Chairman of the Shanghai Municipal Council (1922–1923)

H. G. Simms was the Chairman of Shanghai International Settlement's Municipal Council from 1922 to 1923. He was also Chairman of the Shanghai Club from 1914 to 1920.

==Biography==
Simms was born in Strabane, County Tyrone, Ireland. After leaving school, he went to Belfast where he served an apprenticeship with a merchant firm remaining with them for eight years. He was then appointed an inspector for the Caledonian Insurance Company. He worked in the London office of the North China Insurance Company for three years. In 1899, he moved to Hong Kong as head of the North China Insurance Company's Hong Kong office and in 1908 was promoted to secretary of the company in its head office in Shanghai. While he was in Shanghai the North China Insurance Company amalgamated with the Union Insurance Society of Canton. Simms continued as secretary of the North China Insurance Company and branch manager of the Union of Canton Insurance Company.

Simms was Hon.
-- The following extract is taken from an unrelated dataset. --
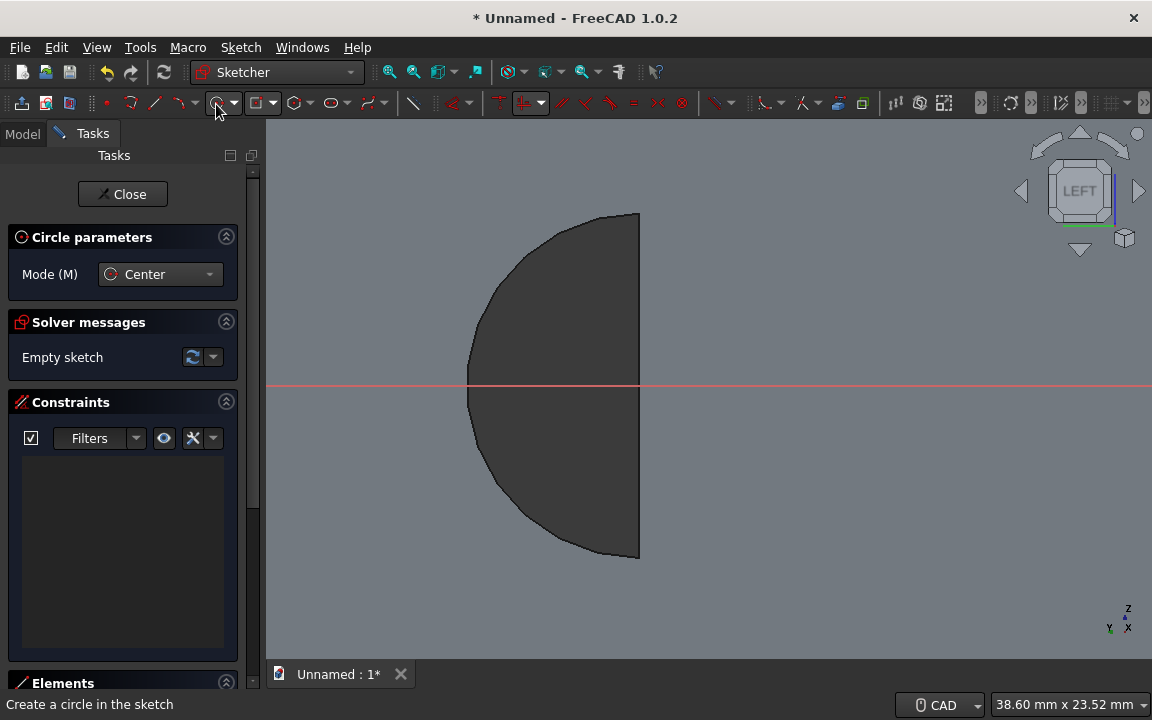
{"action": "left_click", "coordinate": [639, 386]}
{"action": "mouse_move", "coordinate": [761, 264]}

Treasurer and later President of the St Patrick's Society in Shanghai and was also Chairman of the Shanghai Club from 1914 to 1920.
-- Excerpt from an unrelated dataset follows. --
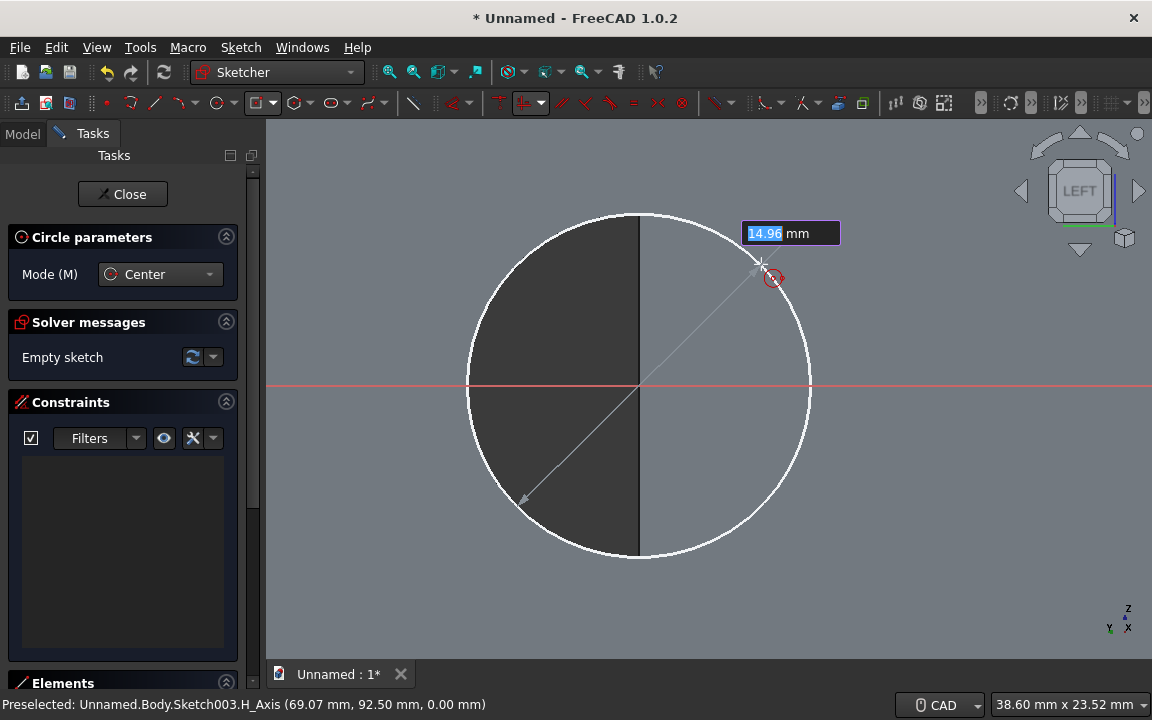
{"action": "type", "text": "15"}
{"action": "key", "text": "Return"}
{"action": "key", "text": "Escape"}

In 1920, he was elected to the Shanghai Municipal Council, which had limited powers in the Shanghai International Settlement, and in 1922 became Chairman on the retirement of Alfred Brooke-Smith. He served until October 1923, when he also resigned to return to London with his firm. He served as London manager of the Union Insurance Society of Canton until 1 July 1936 when he retired due to ill health intending to spend his time between Ireland and London. In London he was also Hon. Treasurer of the China Association and Chairman of the British Residents'a Association London Committee.

==Marriage==
Simms was married and had two daughters. His second daughter, Helen Mary, married Peter Stephens in 1934.